Hands-On Project: Sentiment Analysis of Movie Reviews

Sentiment analysis involves determining whether a given piece of text conveys a positive, negative, or neutral sentiment. In this project, we will classify movie reviews as either positive or negative.

Objective

To build a machine learning model that can classify the sentiment of movie reviews using natural language processing (NLP) techniques.

Dataset

The IMDB Movie Reviews Dataset is a widely used dataset for sentiment analysis. You can download it from Kaggle.

Dataset Details:

• Text: The review content.

• Sentiment: The label (positive or negative).

Tools and Libraries Required

bash



pip install pandas numpy scikit-learn nltk matplotlib seaborn tensorflow

Step-by-Step Guide

1. Import Libraries

python


import pandas as pd
import numpy as np
import matplotlib.pyplot as plt
import seaborn as sns
from sklearn.model_selection import train_test_split
from sklearn.feature_extraction.text import CountVectorizer
from sklearn.naive_bayes import MultinomialNB
from sklearn.metrics import classification_report, confusion_matrix
import nltk
from nltk.corpus import stopwords
from nltk.tokenize import word_tokenize
import re

2. Load the Dataset

python

# Load dataset
data = pd.read_csv('IMDB Dataset.csv')
# Display dataset information
print(data.head())
print(data['sentiment'].value_counts())

3. Data Cleaning

  • Convert text to lowercase.
  • Remove punctuation, special characters, and numbers.
  • Tokenise the text and remove stop-words.
  • Apply stemming or lemmatization.

python

nltk.download('stopwords')
nltk.download('punkt')
# Data cleaning function
def clean_text(text):
    # Convert to lowercase
    text = text.lower()
    # Remove special characters and numbers
    text = re.sub(r'[^a-zA-Z\s]', '', text)
    # Tokenize and remove stopwords
    words = word_tokenize(text)
    words = [word for word in words if word not in stopwords.words('english')]
    return ' '.join(words)
data['cleaned_review'] = data['review'].apply(clean_text)

4. Split the Dataset

python


X = data['cleaned_review']
y = data['sentiment'].apply(lambda x: 1 if x == 'positive' else 0)
X_train, X_test, y_train, y_test = train_test_split(X, y, test_size=0.2, random_state=42)
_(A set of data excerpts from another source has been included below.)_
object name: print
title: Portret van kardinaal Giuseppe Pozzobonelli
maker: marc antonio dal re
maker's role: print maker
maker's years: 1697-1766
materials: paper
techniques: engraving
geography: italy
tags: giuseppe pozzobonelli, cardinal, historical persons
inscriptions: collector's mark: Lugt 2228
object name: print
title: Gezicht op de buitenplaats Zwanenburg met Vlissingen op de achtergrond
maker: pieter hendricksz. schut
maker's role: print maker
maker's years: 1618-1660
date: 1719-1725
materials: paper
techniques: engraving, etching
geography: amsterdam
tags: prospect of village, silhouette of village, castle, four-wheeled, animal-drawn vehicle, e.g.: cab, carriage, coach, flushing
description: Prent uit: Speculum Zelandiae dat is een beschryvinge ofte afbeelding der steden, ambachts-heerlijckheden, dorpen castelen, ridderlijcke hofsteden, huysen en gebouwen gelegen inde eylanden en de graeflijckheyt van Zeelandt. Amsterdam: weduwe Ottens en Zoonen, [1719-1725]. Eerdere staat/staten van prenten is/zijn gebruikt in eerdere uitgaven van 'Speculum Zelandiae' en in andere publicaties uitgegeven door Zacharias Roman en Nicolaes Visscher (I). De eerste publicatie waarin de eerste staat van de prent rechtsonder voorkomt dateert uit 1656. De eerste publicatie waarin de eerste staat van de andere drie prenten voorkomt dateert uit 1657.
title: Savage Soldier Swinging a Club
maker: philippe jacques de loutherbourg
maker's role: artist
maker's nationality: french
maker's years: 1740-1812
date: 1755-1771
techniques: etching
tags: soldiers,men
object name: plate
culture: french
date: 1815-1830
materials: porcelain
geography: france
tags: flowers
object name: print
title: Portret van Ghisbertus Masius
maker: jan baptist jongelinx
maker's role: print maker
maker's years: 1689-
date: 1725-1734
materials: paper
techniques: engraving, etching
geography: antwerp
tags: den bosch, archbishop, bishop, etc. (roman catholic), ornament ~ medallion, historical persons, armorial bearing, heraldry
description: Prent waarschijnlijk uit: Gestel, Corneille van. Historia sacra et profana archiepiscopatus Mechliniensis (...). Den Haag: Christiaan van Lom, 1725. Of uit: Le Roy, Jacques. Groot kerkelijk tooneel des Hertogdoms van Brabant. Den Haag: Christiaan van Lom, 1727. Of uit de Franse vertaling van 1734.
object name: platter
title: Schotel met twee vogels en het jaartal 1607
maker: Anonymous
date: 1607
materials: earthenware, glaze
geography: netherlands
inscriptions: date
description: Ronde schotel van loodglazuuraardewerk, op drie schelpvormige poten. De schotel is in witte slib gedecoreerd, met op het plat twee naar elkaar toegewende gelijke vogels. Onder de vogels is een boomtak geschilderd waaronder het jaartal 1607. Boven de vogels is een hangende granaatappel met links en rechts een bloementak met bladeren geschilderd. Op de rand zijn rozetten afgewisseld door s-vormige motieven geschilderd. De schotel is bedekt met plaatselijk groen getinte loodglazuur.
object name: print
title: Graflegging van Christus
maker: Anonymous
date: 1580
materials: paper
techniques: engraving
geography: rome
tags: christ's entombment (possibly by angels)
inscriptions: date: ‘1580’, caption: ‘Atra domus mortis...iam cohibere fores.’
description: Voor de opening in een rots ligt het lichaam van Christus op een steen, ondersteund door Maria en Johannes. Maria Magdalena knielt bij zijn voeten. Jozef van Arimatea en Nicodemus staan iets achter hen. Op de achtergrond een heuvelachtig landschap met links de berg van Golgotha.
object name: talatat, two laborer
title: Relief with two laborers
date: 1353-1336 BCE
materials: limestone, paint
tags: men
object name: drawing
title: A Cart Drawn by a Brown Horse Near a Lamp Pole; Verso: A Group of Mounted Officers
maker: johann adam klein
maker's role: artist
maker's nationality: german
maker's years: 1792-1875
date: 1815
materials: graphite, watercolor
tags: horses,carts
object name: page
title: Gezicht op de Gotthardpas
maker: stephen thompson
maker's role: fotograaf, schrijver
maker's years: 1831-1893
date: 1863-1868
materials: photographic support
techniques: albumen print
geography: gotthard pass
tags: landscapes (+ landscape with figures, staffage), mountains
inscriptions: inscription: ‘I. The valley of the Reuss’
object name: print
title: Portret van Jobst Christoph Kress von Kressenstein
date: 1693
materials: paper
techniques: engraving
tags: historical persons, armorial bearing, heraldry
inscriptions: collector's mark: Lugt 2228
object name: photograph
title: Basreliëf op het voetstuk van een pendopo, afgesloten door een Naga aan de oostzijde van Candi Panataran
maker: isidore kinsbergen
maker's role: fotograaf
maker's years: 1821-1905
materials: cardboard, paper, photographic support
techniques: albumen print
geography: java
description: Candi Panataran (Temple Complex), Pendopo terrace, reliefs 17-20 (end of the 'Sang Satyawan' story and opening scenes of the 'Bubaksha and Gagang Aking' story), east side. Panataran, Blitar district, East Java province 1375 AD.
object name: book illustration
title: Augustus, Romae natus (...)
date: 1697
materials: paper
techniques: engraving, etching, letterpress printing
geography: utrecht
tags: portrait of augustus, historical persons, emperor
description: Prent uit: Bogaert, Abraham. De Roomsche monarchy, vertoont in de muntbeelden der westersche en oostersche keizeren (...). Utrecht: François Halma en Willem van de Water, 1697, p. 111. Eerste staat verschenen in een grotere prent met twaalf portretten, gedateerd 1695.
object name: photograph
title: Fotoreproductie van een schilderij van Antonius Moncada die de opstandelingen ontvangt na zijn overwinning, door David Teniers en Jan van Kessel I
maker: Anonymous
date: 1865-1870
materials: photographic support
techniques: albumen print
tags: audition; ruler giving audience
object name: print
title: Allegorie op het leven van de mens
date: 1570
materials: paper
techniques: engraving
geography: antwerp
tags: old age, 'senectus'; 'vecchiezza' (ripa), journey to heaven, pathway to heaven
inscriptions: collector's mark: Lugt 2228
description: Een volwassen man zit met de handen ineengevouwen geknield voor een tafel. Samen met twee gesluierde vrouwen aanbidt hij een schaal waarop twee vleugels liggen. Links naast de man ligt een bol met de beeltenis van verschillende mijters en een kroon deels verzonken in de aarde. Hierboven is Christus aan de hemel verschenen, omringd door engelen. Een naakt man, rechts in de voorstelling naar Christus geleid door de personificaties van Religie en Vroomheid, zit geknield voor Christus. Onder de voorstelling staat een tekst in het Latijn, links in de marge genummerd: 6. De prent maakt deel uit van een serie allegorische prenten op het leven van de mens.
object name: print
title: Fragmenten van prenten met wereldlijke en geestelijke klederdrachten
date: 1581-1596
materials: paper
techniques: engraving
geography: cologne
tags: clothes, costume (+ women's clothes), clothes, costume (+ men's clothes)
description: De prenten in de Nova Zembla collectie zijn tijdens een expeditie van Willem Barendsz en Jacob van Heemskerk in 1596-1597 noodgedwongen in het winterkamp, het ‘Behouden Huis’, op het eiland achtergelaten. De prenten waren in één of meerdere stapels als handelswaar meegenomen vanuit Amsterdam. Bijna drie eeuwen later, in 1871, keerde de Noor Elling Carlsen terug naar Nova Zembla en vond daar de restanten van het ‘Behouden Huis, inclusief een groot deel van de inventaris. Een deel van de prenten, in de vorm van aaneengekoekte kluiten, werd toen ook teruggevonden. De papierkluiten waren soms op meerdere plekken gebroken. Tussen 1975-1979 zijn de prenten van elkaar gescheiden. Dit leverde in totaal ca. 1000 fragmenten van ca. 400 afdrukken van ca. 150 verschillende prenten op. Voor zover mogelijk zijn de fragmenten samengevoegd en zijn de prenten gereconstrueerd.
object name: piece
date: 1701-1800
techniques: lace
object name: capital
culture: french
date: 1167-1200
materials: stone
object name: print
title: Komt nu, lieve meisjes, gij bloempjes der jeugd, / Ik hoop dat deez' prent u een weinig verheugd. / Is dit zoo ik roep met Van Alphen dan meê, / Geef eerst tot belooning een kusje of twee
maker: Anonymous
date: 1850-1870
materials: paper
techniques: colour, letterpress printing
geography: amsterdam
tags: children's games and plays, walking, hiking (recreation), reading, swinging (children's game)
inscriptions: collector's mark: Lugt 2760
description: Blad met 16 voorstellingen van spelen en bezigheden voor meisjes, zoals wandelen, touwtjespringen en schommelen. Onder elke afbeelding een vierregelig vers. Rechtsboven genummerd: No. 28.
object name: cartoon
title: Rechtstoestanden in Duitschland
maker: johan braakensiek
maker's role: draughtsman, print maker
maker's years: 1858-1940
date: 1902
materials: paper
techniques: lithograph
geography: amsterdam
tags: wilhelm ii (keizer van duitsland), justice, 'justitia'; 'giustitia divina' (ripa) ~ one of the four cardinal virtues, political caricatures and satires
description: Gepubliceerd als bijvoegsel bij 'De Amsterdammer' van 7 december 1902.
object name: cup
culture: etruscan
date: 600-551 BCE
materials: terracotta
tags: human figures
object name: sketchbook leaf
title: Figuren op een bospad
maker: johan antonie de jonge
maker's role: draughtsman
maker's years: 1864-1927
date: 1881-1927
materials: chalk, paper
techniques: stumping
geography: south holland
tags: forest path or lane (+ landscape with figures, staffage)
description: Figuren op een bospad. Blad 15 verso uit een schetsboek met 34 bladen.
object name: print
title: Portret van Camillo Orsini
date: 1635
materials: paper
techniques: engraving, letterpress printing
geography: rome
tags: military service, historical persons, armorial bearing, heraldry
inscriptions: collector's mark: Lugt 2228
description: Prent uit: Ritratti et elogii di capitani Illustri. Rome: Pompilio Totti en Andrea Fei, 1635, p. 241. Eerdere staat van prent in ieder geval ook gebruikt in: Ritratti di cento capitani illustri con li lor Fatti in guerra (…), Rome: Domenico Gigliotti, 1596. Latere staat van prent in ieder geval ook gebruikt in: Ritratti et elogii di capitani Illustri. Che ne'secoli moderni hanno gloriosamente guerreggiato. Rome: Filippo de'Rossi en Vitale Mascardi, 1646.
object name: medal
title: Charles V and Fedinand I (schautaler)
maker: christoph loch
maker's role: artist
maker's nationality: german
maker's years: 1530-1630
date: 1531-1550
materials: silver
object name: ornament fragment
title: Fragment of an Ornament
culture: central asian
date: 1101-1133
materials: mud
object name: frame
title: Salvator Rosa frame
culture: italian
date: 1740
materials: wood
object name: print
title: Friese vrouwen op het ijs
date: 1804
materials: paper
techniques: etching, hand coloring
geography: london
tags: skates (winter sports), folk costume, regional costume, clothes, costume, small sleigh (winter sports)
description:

5. Feature Extraction with CountVectorizer

Convert text into numerical features using bag-of-words:

python

vectorizer = CountVectorizer(max_features=5000)
X_train_vectors = vectorizer.fit_transform(X_train).toarray()
X_test_vectors = vectorizer.transform(X_test).toarray()

6. Train the Model

Using Naive Bayes Classifier for simplicity:

python

model = MultinomialNB()
model.fit(X_train_vectors, y_train)

7. Evaluate the Model

python

# Predictions
y_pred = model.predict(X_test_vectors)
# Metrics
print(classification_report(y_test, y_pred))
conf_matrix = confusion_matrix(y_test, y_pred)
# Confusion Matrix Heatmap
sns.heatmap(conf_matrix, annot=True, fmt='d', cmap='Blues', xticklabels=['Negative', 'Positive'], yticklabels=['Negative', 'Positive'])
plt.xlabel('Predicted')
plt.ylabel('Actual')
plt.title('Confusion Matrix')
plt.show()

8. Test with Custom Reviews

python

# Example review
new_review = ["The movie was fantastic! Amazing plot and great acting."]
new_review_cleaned = [clean_text(review) for review in new_review]
new_review_vectorized = vectorizer.transform(new_review_cleaned).toarray()
# Prediction
prediction = model.predict(new_review_vectorized)
print("Sentiment:", "Positive" if prediction[0] == 1 else "Negative")

Enhancements with Deep Learning

For improved performance, you can use deep learning models like LSTMs or Transformers.
Here’s a brief outline:

  • Preprocess text using TensorFlow/Keras Tokenizer.
  • Convert text to sequences using embeddings (e.g., Word2Vec or GloVe).
  • Build an LSTM or GRU model in TensorFlow/Keras.
  • Train the model on the cleaned dataset.

Use Cases of Sentiment Analysis

  1. Customer Feedback Analysis: Identify satisfaction levels from product reviews.
  2. Brand Monitoring: Analyse public sentiment about a brand on social media.
  3. Movie Recommendations: Predict user preferences based on past reviews.

Conclusion

Sentiment analysis of movie reviews is an excellent hands-on project to understand natural language processing and machine learning. By following these steps, you’ll not only build a working model but also gain practical knowledge of preprocessing, vectorization, and classification techniques.